Required action: Instruction for the entries that follow: retype exactly the lines from the line with "I'd like a 3D cuboid for each item below." to the line with "3) car (261,205,301,223)", both included, and omit all others.

Collected data entries
* * * * * * *
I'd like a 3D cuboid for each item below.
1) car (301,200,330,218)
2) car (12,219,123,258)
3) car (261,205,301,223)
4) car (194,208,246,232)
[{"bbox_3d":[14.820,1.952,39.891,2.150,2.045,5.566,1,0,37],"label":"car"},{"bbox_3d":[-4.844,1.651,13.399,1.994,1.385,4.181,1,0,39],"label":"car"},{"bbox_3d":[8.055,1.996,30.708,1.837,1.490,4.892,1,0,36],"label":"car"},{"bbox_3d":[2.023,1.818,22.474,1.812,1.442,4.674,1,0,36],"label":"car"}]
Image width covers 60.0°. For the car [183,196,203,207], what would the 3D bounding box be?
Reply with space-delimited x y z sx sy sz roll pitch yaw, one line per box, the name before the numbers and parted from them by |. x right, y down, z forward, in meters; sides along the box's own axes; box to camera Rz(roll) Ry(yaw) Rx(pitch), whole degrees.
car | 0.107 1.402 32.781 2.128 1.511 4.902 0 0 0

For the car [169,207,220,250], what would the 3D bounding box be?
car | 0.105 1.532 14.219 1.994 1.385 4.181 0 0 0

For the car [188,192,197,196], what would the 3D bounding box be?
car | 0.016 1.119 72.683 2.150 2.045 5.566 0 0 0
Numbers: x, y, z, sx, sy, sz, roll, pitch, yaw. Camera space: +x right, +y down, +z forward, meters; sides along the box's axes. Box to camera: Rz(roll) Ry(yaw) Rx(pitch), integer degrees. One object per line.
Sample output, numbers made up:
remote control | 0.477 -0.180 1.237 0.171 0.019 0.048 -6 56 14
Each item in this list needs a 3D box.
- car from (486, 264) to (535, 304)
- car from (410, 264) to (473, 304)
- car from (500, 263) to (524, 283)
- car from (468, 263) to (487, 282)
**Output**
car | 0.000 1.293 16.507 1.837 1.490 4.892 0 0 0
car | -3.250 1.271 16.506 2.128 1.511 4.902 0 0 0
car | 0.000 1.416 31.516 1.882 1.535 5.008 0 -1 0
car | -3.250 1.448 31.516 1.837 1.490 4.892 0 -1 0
* * * * * * *
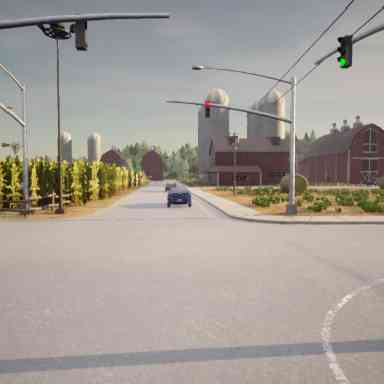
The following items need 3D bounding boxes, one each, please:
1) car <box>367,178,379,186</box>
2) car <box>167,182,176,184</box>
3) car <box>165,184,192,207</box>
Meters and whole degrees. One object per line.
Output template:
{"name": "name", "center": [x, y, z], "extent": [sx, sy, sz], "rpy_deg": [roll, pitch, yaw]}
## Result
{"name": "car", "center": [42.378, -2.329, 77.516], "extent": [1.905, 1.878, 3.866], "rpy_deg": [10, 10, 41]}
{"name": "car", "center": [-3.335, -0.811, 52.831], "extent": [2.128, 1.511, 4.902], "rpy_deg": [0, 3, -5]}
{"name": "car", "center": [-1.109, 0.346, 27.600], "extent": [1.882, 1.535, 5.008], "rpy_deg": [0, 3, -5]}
* * * * * * *
Result of the task:
I'd like a 3D cuboid for each item below.
1) car (301,200,330,218)
2) car (12,219,123,258)
3) car (261,205,301,223)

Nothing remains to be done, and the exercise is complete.